Выправив заграничные паспорта себе и детям, она продала несколько драгоценностей, вовремя спрятанных от супруга, и, купив однодневную путевку в Швецию, забрала с собой самое необходимое.
В день прилета она сразу же пошла с детьми в Иммиграционный комитет, просить вид на жительство. Отчаянье, написанное на ее лице и испуганные мордашки детей, цеплявшихся за мать, а так же душещипательная история о том, как власти преследовали ее и детей, неожиданно сыграли свою роль, и семья быстро получила разрешение и трехкомнатную квартиру.
- Это и есть волшебная страна? - спросил Роберт, с хозяйским видом расхаживая по комнатам, - здесь папа драться не будет?
-Ты же сам показал, где находится волшебная страна, - устало улыбнулась Ирина, - а от папы мы спрятались навсегда. Здесь он нас никогда не найдет.
Свободное владение английским языком позволило Ирине быстро познакомиться и подружиться с соседями. Они очень сочувствовали ей, отдавали ненужную им детскую одежду, мебель и посуду. Подсказывали, в какие организации ей нужно обращаться по различным вопросам. Жизнь потихоньку налаживалась. Антон пошел в школу, а младшие дети в детский сад.
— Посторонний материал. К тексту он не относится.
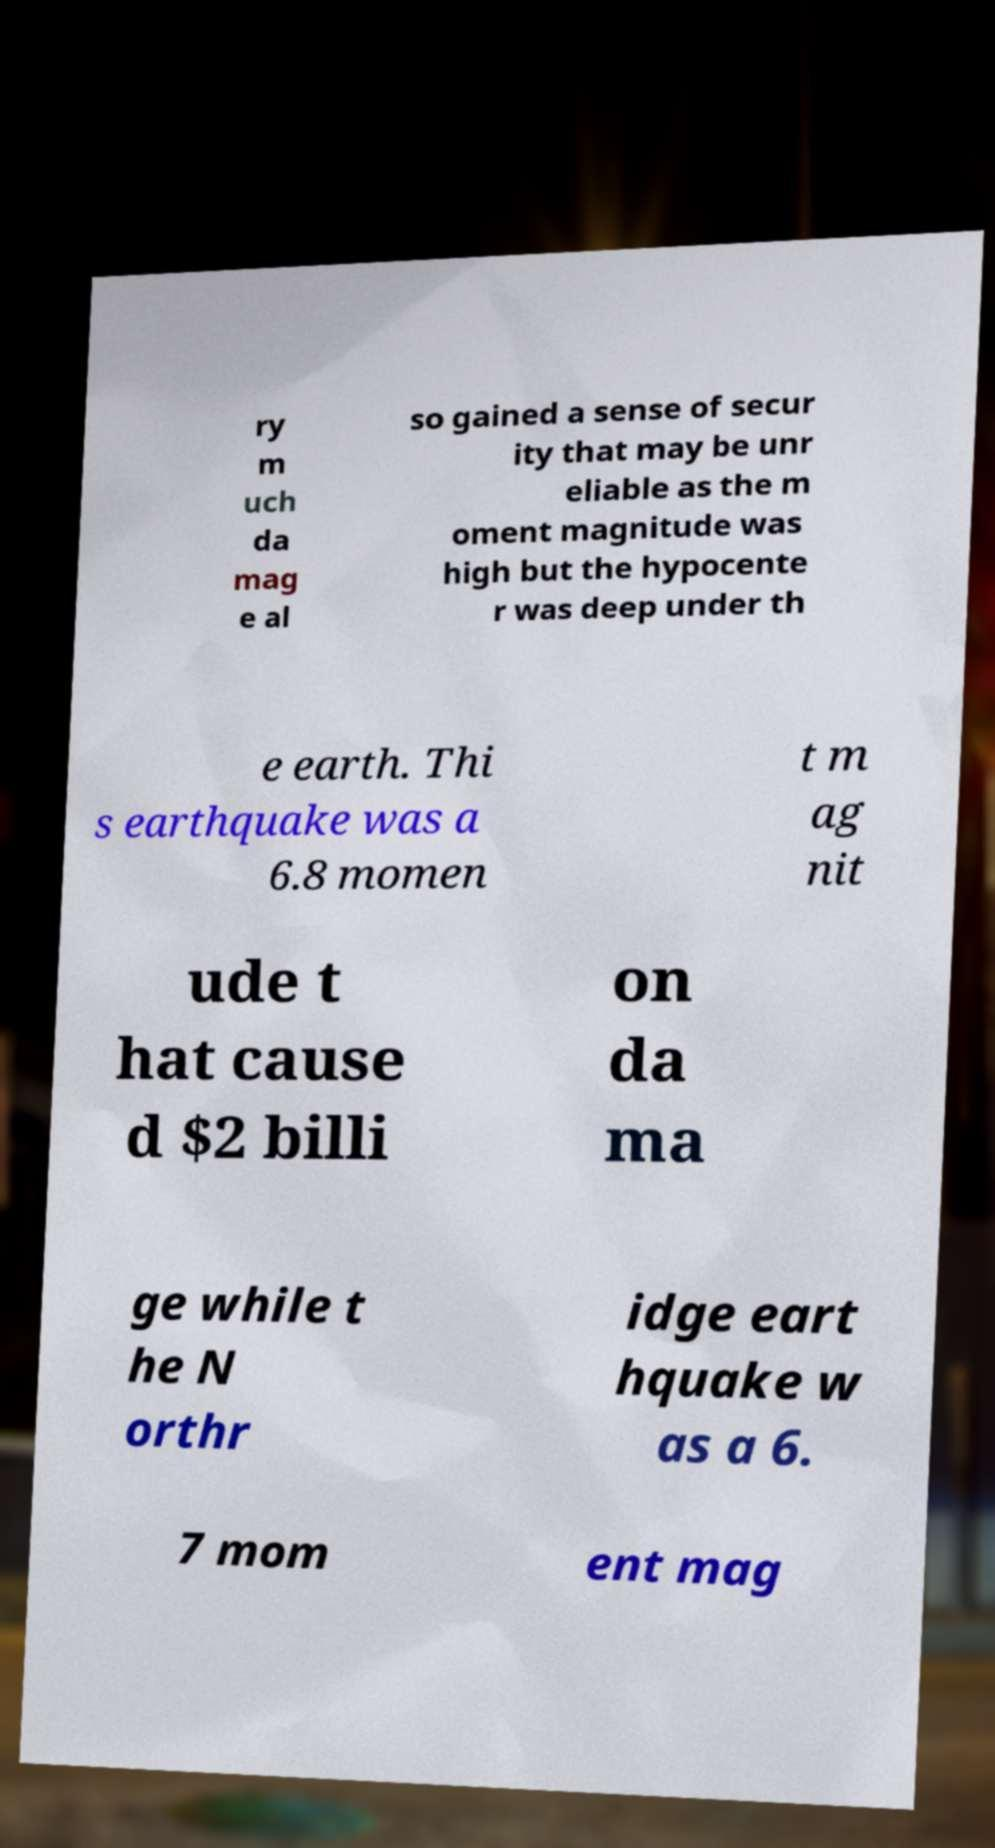Please identify and transcribe the text found in this image. ry m uch da mag e al so gained a sense of secur ity that may be unr eliable as the m oment magnitude was high but the hypocente r was deep under th e earth. Thi s earthquake was a 6.8 momen t m ag nit ude t hat cause d $2 billi on da ma ge while t he N orthr idge eart hquake w as a 6. 7 mom ent mag 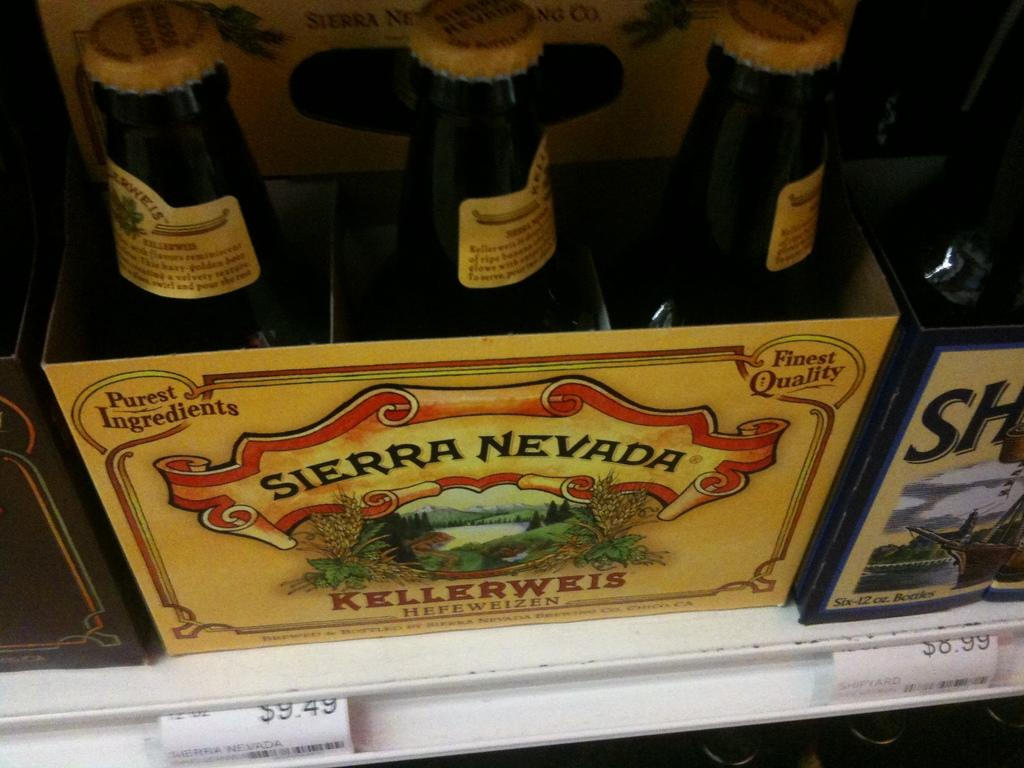<image>
Relay a brief, clear account of the picture shown. the six pack of Sierra Nevada is $9.49

Ирина вступила в Красный Крест и часто ездила с детьми на различные экскурсии, принимала участие в праздниках. Однажды, когда они праздновали Рождество, ее познакомили с молодой миловидной женщиной, сообщившей Ирине, что она знает обо всех ее трудностях, всем сердцем ей сочувствует и хочет помочь. Женщина сообщила, что ее зовут Марта, а ее мужа Томас. У них нет детей и, как она выразилась со слезами на глазах, некому отдать душу.
Ирина была очарована новыми знакомыми, и они очень быстро стали друзьями. Томасу и Марте особенно приглянулся Антон. У него была ярко выраженная нордическая внешность, он прекрасно играл на нескольких инструментах и уже свободно разбирался в устройстве автомашин. Супруги, с разрешения Ирины, стали приглашать Антона к себе в гости на выходные. Томас ездил с ним на хоккей, подарил ему коньки, шлем, клюшку и шайбу. Мальчик обожал Томаса, почитал его за отца, смотрел на него преданными глазами и готов был выполнить любое его поручение.
В одно из очередных посещений Марта с Томасом принесли детям много подарков, одежды и лакомств. Когда, обрадованная их приходом Ирина, вскипятила чайник и поставила на стол чашки с ароматным кофе, Марта, отпив глоток, задумчиво произнесла:
- Ты знаешь, Ирина, мы с Томасом решили тебе серьезно помочь.
- Да вы и так много для нас делаете, - воскликнула Ирина, - я прямо не знаю, как мне вас благодарить.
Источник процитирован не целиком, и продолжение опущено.